WHAT YOU HAVE TO DO: Whenever a line of the data below holds the string "invented", copy that line.

[Start of section]

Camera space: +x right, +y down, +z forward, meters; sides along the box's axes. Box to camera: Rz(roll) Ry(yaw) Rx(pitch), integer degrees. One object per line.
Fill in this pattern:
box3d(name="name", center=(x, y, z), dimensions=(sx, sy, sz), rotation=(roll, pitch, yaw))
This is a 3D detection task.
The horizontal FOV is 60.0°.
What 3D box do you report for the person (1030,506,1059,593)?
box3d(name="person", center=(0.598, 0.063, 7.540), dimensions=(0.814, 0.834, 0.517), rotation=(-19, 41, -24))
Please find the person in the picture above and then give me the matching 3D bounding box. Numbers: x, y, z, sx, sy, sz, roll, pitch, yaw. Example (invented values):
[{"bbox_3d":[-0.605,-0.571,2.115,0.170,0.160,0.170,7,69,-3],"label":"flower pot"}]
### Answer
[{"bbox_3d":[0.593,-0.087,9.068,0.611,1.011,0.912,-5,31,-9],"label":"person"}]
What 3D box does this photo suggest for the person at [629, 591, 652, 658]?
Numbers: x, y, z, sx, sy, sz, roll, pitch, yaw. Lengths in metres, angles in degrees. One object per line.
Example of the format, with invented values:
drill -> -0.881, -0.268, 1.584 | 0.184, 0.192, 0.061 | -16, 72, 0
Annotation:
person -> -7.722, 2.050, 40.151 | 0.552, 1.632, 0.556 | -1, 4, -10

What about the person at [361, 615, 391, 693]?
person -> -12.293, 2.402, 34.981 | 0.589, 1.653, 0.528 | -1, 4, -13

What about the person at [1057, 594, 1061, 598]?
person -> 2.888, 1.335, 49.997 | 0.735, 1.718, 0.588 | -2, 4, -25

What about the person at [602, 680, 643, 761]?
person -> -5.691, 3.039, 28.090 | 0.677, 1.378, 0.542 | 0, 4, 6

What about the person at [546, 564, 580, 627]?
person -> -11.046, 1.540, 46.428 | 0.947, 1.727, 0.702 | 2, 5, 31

[End of section]

YOUR RESPONSE:
Please find the person in the picture above and then give me the matching 3D bounding box. Numbers: x, y, z, sx, sy, sz, roll, pitch, yaw. Example (invented values):
Example of the format, with invented values:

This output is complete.